Most of the borrower-specific requirements for FHA loans can be found in HUD Handbook 4000.1 (a.k.a., the Single Family Housing Policy Handbook). But you don’t have to dig through this 1,000-page document to find the relevant portions. We’ve extracted them for you.
Here’s what you should know about California FHA loan credit score requirements:
- According to official guidelines, borrowers need a Minimum Decision Credit Score (MDCS) of 500 or higher to be eligible for an FHA-insured mortgage loan.
- If you want to enjoy the low 3.5% down payment option associated with this program, you’ll probably need a score of 580 or higher (see table below for details).
- The MDCS is the “score reported on the borrower’s credit report when all reported scores are the same,” as the handbook states.
- When three different scores are reported, the middle score becomes the MDCS and will be used for FHA loan qualification purposes. Where two differing scores are reported, the MDCS is the lowest score.
As mentioned above, the Minimum Decision Credit Score is also used to determine the maximum insured financing available to a borrower with traditional credit. So there’s a two-tiered system in place, with 500 and 580 being the key thresholds. The table below comes from HUD Handbook 4000.1, and explains these two thresholds.
Why Are These Scores Important for Borrowers?
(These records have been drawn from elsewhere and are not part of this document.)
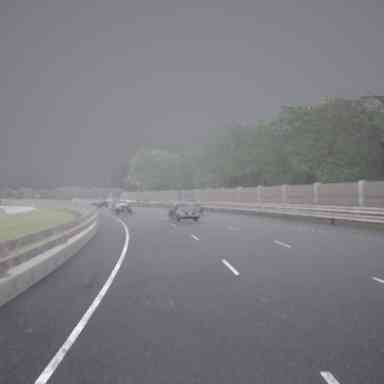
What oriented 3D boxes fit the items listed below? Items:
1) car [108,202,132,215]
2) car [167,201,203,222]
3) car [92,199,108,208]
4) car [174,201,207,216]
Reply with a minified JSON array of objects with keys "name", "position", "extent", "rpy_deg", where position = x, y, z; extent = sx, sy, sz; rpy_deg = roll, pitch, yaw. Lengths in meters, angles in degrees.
[{"name":"car","position":[-8.636,1.942,40.533],"extent":[1.812,1.442,4.674],"rpy_deg":[0,-1,-24]},{"name":"car","position":[-0.829,1.817,29.288],"extent":[2.033,1.411,5.357],"rpy_deg":[0,-1,-16]},{"name":"car","position":[-17.276,2.169,62.407],"extent":[1.837,1.490,4.892],"rpy_deg":[0,-1,-37]},{"name":"car","position":[-0.282,1.842,38.577],"extent":[2.128,1.511,4.902],"rpy_deg":[0,-1,-21]}]
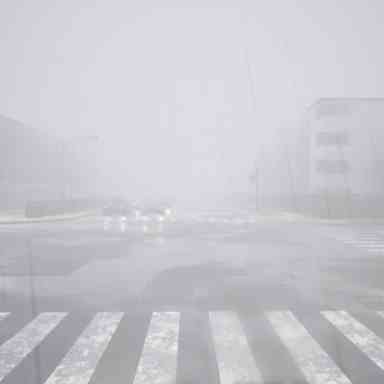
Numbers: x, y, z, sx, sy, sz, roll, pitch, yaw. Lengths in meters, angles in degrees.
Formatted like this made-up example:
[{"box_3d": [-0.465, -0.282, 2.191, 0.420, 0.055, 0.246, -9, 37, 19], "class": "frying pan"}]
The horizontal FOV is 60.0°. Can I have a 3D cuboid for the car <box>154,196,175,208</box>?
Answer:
[{"box_3d": [-3.870, 1.490, 47.227, 2.128, 1.511, 4.902, 0, 0, -1], "class": "car"}]

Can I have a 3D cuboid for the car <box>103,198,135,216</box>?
[{"box_3d": [-7.236, 1.351, 32.561, 2.097, 1.767, 4.553, 0, 0, -1], "class": "car"}]

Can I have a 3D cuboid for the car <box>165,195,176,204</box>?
[{"box_3d": [-4.444, 1.474, 66.924, 1.882, 1.535, 5.008, 0, 0, -8], "class": "car"}]

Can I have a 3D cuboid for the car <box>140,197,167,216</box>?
[{"box_3d": [-3.694, 1.524, 32.611, 1.812, 1.442, 4.674, 0, 0, -2], "class": "car"}]

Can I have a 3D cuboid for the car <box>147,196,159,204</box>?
[{"box_3d": [-7.959, 1.493, 67.057, 2.128, 1.511, 4.902, 0, 0, -10], "class": "car"}]

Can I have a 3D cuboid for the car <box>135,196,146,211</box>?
[{"box_3d": [-7.210, 1.523, 41.121, 1.812, 1.442, 4.674, 0, 0, -1], "class": "car"}]
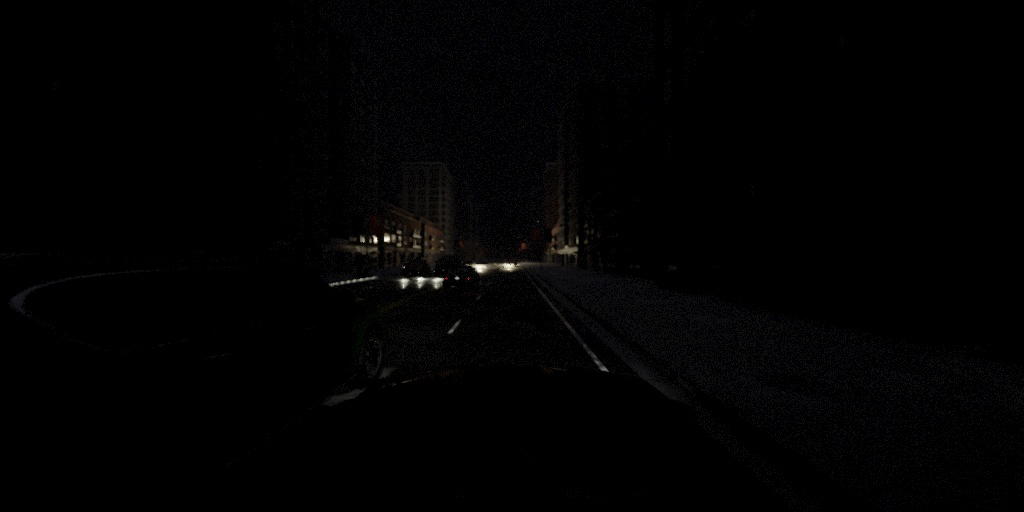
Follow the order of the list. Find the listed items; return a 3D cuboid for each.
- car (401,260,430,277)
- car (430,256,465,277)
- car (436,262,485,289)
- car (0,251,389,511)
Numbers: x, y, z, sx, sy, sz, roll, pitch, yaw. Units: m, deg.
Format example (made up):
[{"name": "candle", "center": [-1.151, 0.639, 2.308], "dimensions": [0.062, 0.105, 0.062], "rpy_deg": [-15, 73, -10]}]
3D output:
[{"name": "car", "center": [-9.841, 1.164, 36.907], "dimensions": [2.097, 1.767, 4.553], "rpy_deg": [0, 0, 0]}, {"name": "car", "center": [-6.593, 1.032, 37.197], "dimensions": [2.150, 2.045, 5.566], "rpy_deg": [0, 0, 0]}, {"name": "car", "center": [-3.165, 1.334, 23.178], "dimensions": [2.033, 1.411, 5.357], "rpy_deg": [0, 0, 0]}, {"name": "car", "center": [-3.191, 0.979, 3.745], "dimensions": [2.150, 2.045, 5.566], "rpy_deg": [0, 0, 1]}]
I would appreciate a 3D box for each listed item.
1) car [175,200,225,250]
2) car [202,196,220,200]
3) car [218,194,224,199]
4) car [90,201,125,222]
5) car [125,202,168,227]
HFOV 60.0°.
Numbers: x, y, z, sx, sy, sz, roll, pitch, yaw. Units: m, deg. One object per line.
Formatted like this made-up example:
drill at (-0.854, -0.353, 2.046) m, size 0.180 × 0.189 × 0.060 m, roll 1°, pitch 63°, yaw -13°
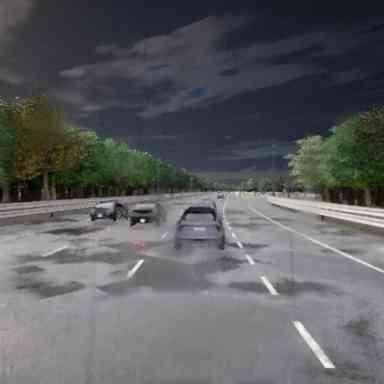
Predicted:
car at (0.339, 1.381, 14.214) m, size 2.033 × 1.649 × 4.856 m, roll 0°, pitch 0°, yaw 2°
car at (1.503, 1.438, 33.271) m, size 2.033 × 1.411 × 5.357 m, roll 0°, pitch 0°, yaw 5°
car at (7.912, 1.225, 91.511) m, size 1.812 × 1.442 × 4.674 m, roll 0°, pitch 0°, yaw 7°
car at (-6.109, 1.421, 24.909) m, size 1.812 × 1.442 × 4.674 m, roll 0°, pitch 0°, yaw 4°
car at (-2.777, 1.420, 22.105) m, size 1.837 × 1.490 × 4.892 m, roll 0°, pitch 0°, yaw 3°
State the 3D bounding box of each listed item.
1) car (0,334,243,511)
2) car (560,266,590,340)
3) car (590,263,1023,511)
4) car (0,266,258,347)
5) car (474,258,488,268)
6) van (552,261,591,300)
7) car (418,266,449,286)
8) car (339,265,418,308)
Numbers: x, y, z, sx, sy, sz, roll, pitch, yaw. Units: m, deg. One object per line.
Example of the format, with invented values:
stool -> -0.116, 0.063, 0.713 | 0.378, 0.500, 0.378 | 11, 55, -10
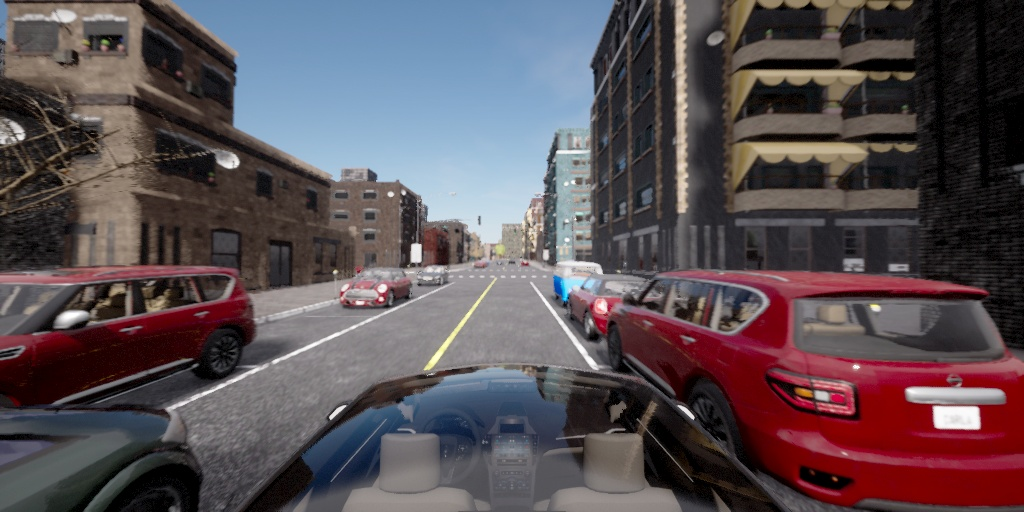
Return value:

Credit scores are three-digit numbers derived from information found within a person’s credit reports. In the U.S., these reports are maintained by three companies primarily: Experian, TransUnion and Equifax. They contain information relating to a person’s borrowing history (personal loans, credit cards, etc.).
The scores are computed using advanced scoring systems or algorithms — but we’re getting into the weeds here.
Your three-digit credit score shows how you have borrowed and repaid and money in the past. A higher number indicates that a person typically pays his or her bills on time. A lower number suggests that a person has had some difficulty repaying debts in the past. This is why HUD has established minimum credit score requirements for FHA loans. They do it for risk-management purposes.
So, how does all of this relate to you, as a home buyer and mortgage shopper? In order to be approved for an FHA loan in California, you must meet the minimum credit score requirements stated above. If your score is well below 500, you might have a harder time qualifying for a loan (of any kind). On the other hand, borrowers with higher scores tend to have an easier time getting approved for mortgages, auto loans, and other forms of financing.
Exceptions, Compensating Factors, and Program Flexibility
There are exceptions to many of the minimum requirements for FHA loans. In some areas, HUD allows for certain “compensating factors” to be used. This is when something positive offsets something negative.
For example, if a person’s debt-to-income ratio is slightly higher than HUD’s preferred range, a mortgage company could find a compensating factor (such as significant cash reserves) to approve the borrower anyway.
There is some flexibility built into the FHA loan program. So borrowers with lower credit scores should not automatically assume they’re unqualified. In these situations, the best course is to speak with a mortgage broker or loan officer who is familiar with the program, to see if there’s a way forward.
Let’s talk: Do you have questions about the credit score requirements for California FHA loans, or other aspects of the program? We can help. Bridgepoint Funding has been serving borrowers across the state of California for more than 16 years. We offer competitive rates on a variety of loan options, including FHA. Contact us today with any questions you have.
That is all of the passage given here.